### THE TASK
Would you transcribe the line containing "list Instalasi JupyterLab" and every line after it, through the end of the records below, exactly and with nothing else?

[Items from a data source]
========================================

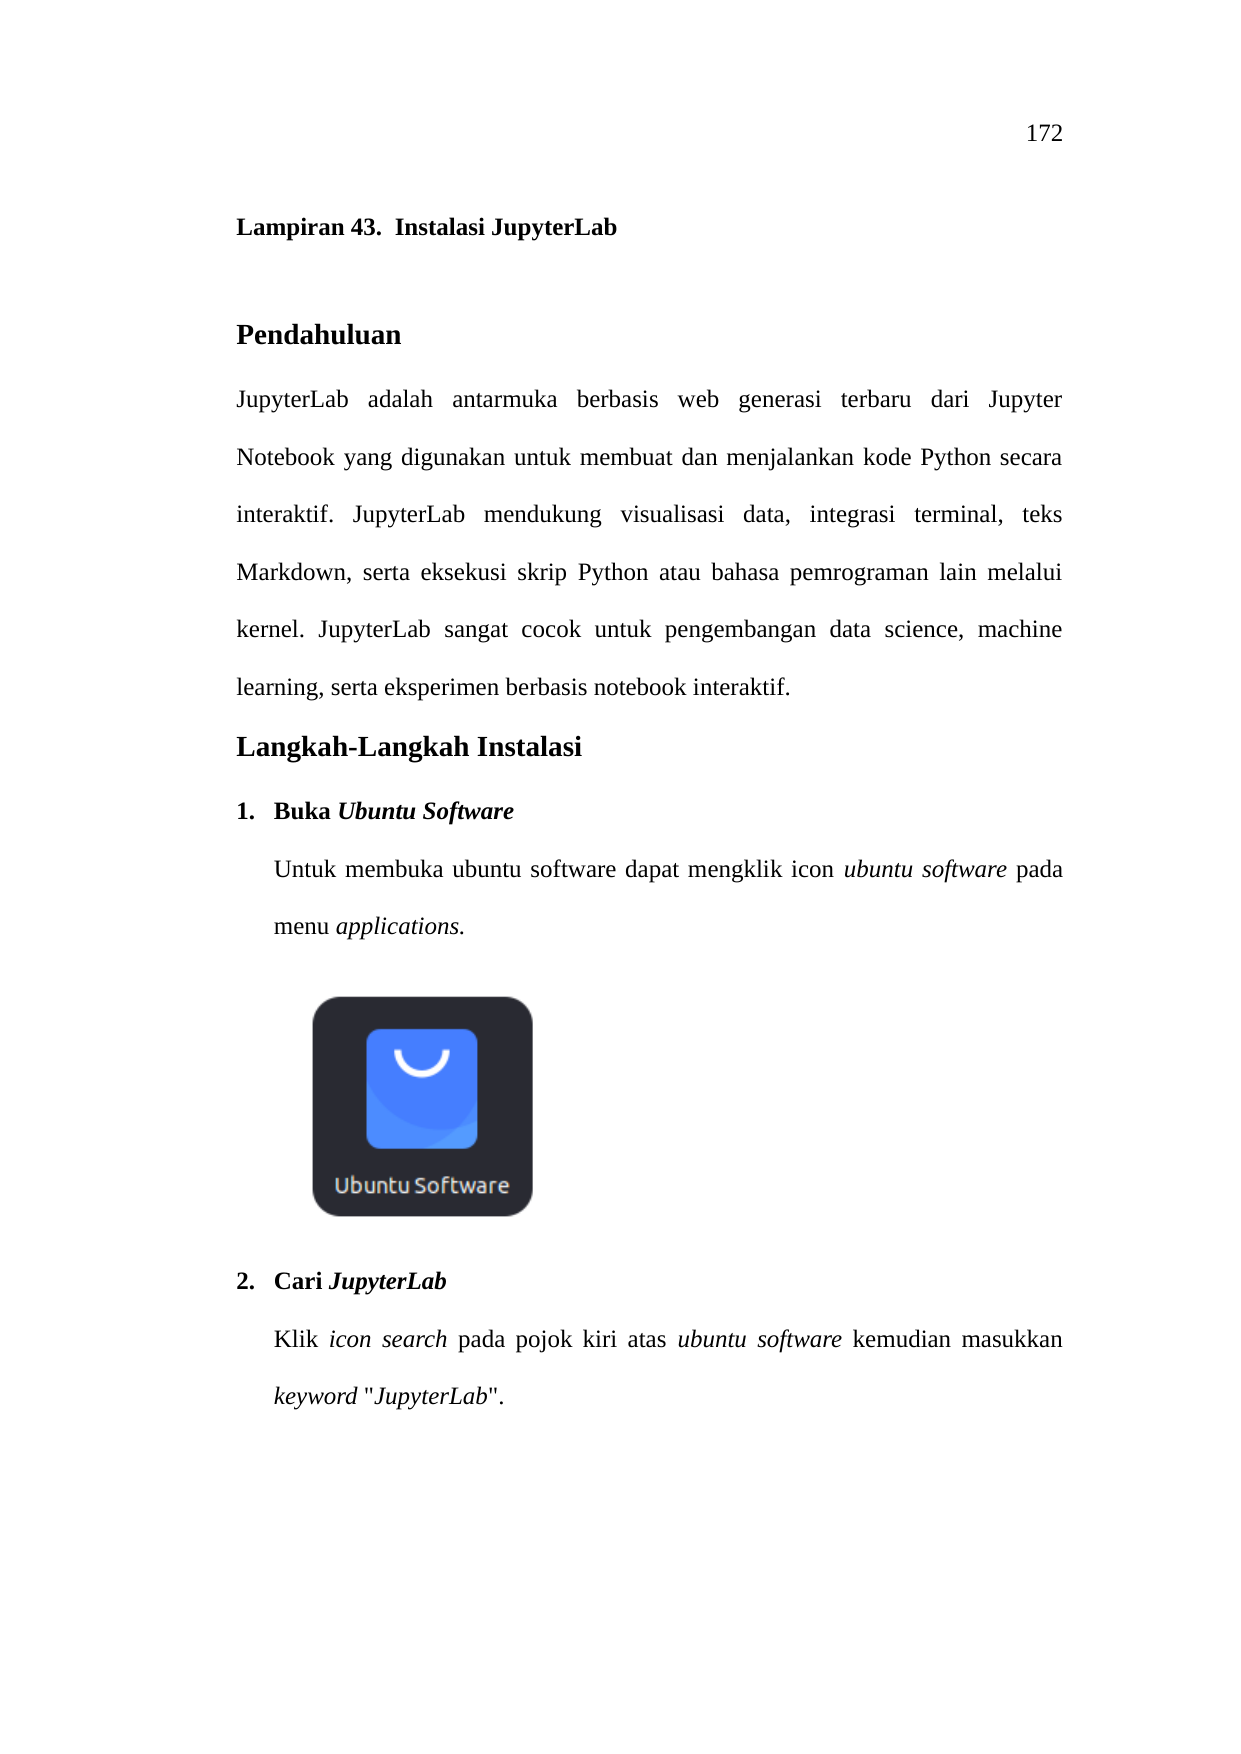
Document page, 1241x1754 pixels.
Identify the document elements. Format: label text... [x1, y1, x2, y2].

list Instalasi JupyterLab [236, 212, 1063, 241]
list Buka Ubuntu Software [236, 796, 1063, 825]
text Langkah-Langkah Instalasi [236, 729, 1063, 763]
list Cari JupyterLab [236, 1266, 1063, 1295]
text JupyterLab adalah antarmuka berbasis web generasi terbaru dari Jupyter Notebook yang digunakan untuk membuat dan menjalankan kode Python secara interaktif. JupyterLab mendukung visualisasi data, integrasi terminal, teks Markdown, serta eksekusi skrip Python atau bahasa pemrograman lain melalui kernel. JupyterLab sangat cocok untuk pengembangan data science, machine learning, serta eksperimen berbasis notebook interaktif. [236, 384, 1063, 701]
picture [276, 971, 573, 1235]
list Untuk membuka ubuntu software dapat mengklik icon ubuntu software pada menu applications. [236, 854, 1063, 940]
list Klik icon search pada pojok kiri atas ubuntu software kemudian masukkan keyword "JupyterLab". [236, 1324, 1063, 1410]
text Pendahuluan [236, 317, 1063, 351]

========================================

### SOLUTION
list Instalasi JupyterLab [236, 212, 1063, 241]
list Buka Ubuntu Software [236, 796, 1063, 825]
text Langkah-Langkah Instalasi [236, 729, 1063, 763]
list Cari JupyterLab [236, 1266, 1063, 1295]
text JupyterLab adalah antarmuka berbasis web generasi terbaru dari Jupyter Notebook yang digunakan untuk membuat dan menjalankan kode Python secara interaktif. JupyterLab mendukung visualisasi data, integrasi terminal, teks Markdown, serta eksekusi skrip Python atau bahasa pemrograman lain melalui kernel. JupyterLab sangat cocok untuk pengembangan data science, machine learning, serta eksperimen berbasis notebook interaktif. [236, 384, 1063, 701]
picture [276, 971, 573, 1235]
list Untuk membuka ubuntu software dapat mengklik icon ubuntu software pada menu applications. [236, 854, 1063, 940]
list Klik icon search pada pojok kiri atas ubuntu software kemudian masukkan keyword "JupyterLab". [236, 1324, 1063, 1410]
text Pendahuluan [236, 317, 1063, 351]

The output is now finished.